A 45-year-old Colorado Springs man was arrested Tuesday for allegedly participating in the violent storming of the U.S. Capitol last month and engaging in disorderly conduct inside.
Glen Wes Lee Croy is the fifth Coloradan arrested in the last four weeks in connection with the Jan. 6 insurrection.
He had a court appearance on Wednesday and is out of federal custody on a $5,000 bond, according to court records.
In the charging documents, federal investigators lay out a timeline of Croy’s alleged participation in the pro-Trump protest that became a riot.
On Dec. 27, 2020, Republican Rep. Lauren Boebert tweeted “who is going to be in DC on January 6th to stand with President Donald Trump?”

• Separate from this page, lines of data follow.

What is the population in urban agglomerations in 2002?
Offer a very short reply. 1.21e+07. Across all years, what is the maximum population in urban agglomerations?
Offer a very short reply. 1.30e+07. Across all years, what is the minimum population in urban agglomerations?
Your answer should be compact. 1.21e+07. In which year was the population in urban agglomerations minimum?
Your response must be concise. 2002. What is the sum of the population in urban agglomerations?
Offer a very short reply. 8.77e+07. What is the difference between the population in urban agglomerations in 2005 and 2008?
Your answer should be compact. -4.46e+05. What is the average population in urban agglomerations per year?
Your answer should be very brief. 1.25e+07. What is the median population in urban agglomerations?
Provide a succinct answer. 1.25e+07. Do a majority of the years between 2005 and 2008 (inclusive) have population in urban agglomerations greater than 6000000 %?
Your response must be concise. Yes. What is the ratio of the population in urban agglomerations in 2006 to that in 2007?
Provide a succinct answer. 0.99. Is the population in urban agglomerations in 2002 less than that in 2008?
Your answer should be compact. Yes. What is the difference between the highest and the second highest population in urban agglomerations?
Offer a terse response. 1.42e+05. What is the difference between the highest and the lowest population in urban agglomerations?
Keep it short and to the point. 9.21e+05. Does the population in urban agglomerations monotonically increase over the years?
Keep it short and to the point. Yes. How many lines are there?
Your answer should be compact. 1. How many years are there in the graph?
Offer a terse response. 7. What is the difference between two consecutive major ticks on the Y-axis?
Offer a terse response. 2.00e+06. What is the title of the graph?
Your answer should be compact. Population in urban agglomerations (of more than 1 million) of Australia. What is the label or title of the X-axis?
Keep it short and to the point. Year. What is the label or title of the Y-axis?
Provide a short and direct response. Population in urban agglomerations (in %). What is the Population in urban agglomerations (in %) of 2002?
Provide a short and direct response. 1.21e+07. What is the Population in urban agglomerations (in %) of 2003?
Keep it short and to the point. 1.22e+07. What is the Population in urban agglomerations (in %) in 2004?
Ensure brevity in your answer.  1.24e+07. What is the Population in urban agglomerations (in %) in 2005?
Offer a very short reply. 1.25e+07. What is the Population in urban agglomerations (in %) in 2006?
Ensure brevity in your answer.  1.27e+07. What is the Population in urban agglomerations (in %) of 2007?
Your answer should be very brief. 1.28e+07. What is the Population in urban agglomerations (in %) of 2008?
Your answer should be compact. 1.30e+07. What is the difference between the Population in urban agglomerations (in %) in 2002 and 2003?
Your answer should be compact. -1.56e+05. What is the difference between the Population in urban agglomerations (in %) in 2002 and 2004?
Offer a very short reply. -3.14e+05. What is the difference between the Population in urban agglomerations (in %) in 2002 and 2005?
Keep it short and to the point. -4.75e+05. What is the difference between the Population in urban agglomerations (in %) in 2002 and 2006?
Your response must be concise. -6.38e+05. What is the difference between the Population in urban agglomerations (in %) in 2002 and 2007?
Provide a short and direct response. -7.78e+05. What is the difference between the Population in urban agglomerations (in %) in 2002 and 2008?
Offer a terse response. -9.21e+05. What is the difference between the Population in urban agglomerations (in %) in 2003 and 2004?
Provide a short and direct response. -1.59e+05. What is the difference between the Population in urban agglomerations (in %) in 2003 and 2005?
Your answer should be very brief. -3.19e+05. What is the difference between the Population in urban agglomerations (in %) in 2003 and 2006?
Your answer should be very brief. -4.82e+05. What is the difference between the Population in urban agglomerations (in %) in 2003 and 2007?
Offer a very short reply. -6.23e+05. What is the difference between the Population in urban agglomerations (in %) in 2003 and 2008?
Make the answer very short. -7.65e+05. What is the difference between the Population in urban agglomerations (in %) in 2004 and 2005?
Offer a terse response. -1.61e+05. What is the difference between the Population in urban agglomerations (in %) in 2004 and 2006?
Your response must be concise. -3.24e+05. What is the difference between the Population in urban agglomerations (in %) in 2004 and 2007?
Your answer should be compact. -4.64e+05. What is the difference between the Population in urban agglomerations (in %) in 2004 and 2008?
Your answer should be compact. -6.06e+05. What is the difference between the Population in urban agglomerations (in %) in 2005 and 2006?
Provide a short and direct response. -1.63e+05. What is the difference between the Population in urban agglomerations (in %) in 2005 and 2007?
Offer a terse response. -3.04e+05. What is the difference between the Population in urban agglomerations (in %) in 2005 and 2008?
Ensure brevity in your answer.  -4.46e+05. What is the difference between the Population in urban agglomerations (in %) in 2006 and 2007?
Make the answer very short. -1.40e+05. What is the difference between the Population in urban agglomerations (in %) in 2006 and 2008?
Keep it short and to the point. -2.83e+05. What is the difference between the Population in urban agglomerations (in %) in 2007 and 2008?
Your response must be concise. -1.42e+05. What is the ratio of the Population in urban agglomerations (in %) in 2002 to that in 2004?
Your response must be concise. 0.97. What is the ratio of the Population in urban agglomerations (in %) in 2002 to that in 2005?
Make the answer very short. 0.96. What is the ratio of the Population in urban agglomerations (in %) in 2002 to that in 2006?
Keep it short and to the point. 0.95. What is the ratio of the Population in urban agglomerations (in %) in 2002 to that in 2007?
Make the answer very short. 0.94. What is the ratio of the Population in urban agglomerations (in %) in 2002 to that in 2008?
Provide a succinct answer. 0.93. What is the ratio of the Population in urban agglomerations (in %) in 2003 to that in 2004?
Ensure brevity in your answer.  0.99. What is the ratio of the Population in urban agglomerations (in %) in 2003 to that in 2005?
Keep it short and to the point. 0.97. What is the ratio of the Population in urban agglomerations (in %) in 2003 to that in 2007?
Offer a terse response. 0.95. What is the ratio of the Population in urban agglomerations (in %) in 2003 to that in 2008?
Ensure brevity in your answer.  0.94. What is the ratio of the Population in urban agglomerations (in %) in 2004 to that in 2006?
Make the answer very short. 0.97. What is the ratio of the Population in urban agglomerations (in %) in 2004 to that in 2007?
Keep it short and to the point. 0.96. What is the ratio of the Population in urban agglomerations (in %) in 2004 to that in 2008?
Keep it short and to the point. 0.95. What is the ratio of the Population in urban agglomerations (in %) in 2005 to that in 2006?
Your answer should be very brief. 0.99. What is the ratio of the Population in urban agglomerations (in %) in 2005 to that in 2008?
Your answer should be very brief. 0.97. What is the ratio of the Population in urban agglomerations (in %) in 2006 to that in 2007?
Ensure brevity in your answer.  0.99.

Croy, using a Twitter account that has since been disabled, replied, “fellow Coloradan we will be there,” according to the criminal complaint filed in U.S. District Court and unsealed on Wednesday.
Photos lifted from body-worn cameras of police officers apparently show Croy inside the Capitol building. He also apparently posed with another man in front of a bust of Abraham Lincoln while carrying a flag with the logo of the III Percenters. The FBI has dubbed the anti-government organization “dangerous” in other court records.
Croy posted the photos with the Lincoln bust on his own Facebook account. Federal investigators say they have additional evidence Croy was inside the U.S. Capitol from looking at the location of phone pings from his Google email address at the time of the break-in.
Colorado’s lead federal prosecutor Jason Dunn, who announced his resignation this week, told CPR News on Thursday that he expected “several” more Colorado arrests in the sprawling federal investigation.
“It’s an ongoing process,” Dunn said. “It’s been truly amazing … They have mostly video evidence in the hundreds of thousands of pieces.”
Croy was previously arrested by Colorado Springs Police on an assault charge and has a handful of drug possession and marijuana cultivation charges on his criminal record, according to the Colorado Bureau of Investigation.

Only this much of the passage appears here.